Instructions to follow :: What you need to produce from the material below is an exact transcription of the lines from the one with "5. car <box>0,221,22,250</box>" through the one with "11. car <box>344,240,383,317</box>", both included, and no other line.

Given information ::

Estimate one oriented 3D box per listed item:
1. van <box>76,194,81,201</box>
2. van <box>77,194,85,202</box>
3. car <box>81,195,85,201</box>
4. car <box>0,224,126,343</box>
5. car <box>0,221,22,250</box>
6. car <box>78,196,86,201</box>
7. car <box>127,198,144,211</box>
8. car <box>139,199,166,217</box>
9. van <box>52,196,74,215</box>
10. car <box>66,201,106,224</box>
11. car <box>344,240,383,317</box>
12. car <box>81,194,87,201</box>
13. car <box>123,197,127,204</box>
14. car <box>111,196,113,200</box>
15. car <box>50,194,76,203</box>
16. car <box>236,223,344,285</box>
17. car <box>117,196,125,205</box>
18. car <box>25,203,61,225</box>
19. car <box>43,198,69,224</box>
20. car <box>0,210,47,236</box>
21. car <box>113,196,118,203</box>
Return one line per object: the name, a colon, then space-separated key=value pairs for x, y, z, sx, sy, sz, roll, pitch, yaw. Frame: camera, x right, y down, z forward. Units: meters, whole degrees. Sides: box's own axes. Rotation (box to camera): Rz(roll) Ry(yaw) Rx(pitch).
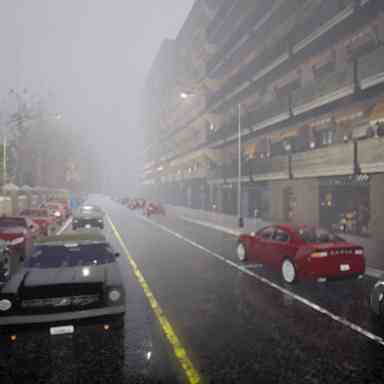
van: x=-16.366 y=1.381 z=44.991 sx=1.690 sy=1.788 sz=3.998 roll=0 pitch=0 yaw=-16
van: x=-25.876 y=1.444 z=77.406 sx=1.690 sy=1.788 sz=3.998 roll=0 pitch=0 yaw=-16
car: x=-19.536 y=1.623 z=55.796 sx=1.947 sy=1.339 sz=4.313 roll=0 pitch=0 yaw=-16
car: x=-2.434 y=1.601 z=6.721 sx=1.895 sy=1.301 sz=4.718 roll=0 pitch=0 yaw=-17
car: x=-5.268 y=1.566 z=7.176 sx=1.947 sy=1.339 sz=4.313 roll=0 pitch=0 yaw=-16
car: x=-29.047 y=1.676 z=88.211 sx=1.887 sy=1.381 sz=4.507 roll=0 pitch=0 yaw=-16
car: x=-6.739 y=1.471 z=41.948 sx=1.967 sy=1.590 sz=4.097 roll=0 pitch=0 yaw=-16
car: x=-3.568 y=1.597 z=31.142 sx=1.802 sy=1.307 sz=4.206 roll=0 pitch=0 yaw=-16
van: x=-13.194 y=1.365 z=34.186 sx=1.690 sy=1.788 sz=3.998 roll=0 pitch=0 yaw=-16
car: x=-6.602 y=1.551 z=21.269 sx=2.033 sy=1.411 sz=5.357 roll=0 pitch=0 yaw=-16
car: x=4.358 y=1.550 z=4.132 sx=2.008 sy=1.369 sz=4.403 roll=0 pitch=0 yaw=-16
car: x=-22.706 y=1.393 z=66.601 sx=2.192 sy=1.841 sz=5.009 roll=0 pitch=0 yaw=-16
car: x=-8.324 y=1.620 z=47.351 sx=1.802 sy=1.307 sz=4.206 roll=0 pitch=0 yaw=-16
car: x=-17.883 y=1.627 z=79.929 sx=1.752 sy=1.417 sz=4.829 roll=0 pitch=0 yaw=-16
car: x=-11.610 y=1.331 z=28.783 sx=2.192 sy=1.841 sz=5.009 roll=0 pitch=0 yaw=-16
car: x=2.773 y=1.543 z=9.535 sx=1.887 sy=1.381 sz=4.507 roll=0 pitch=0 yaw=-16
car: x=-11.495 y=1.621 z=58.156 sx=1.947 sy=1.339 sz=4.313 roll=0 pitch=0 yaw=-16
car: x=-8.439 y=1.547 z=17.979 sx=1.887 sy=1.381 sz=4.507 roll=0 pitch=0 yaw=-16
car: x=-10.023 y=1.449 z=23.380 sx=1.967 sy=1.590 sz=4.097 roll=0 pitch=0 yaw=-16
car: x=-6.854 y=1.582 z=12.579 sx=1.802 sy=1.307 sz=4.206 roll=0 pitch=0 yaw=-16
car: x=-14.665 y=1.516 z=68.960 sx=1.967 sy=1.590 sz=4.097 roll=0 pitch=0 yaw=-16

Reply to the exercise ::
5. car <box>0,221,22,250</box>
6. car <box>78,196,86,201</box>
7. car <box>127,198,144,211</box>
8. car <box>139,199,166,217</box>
9. van <box>52,196,74,215</box>
10. car <box>66,201,106,224</box>
11. car <box>344,240,383,317</box>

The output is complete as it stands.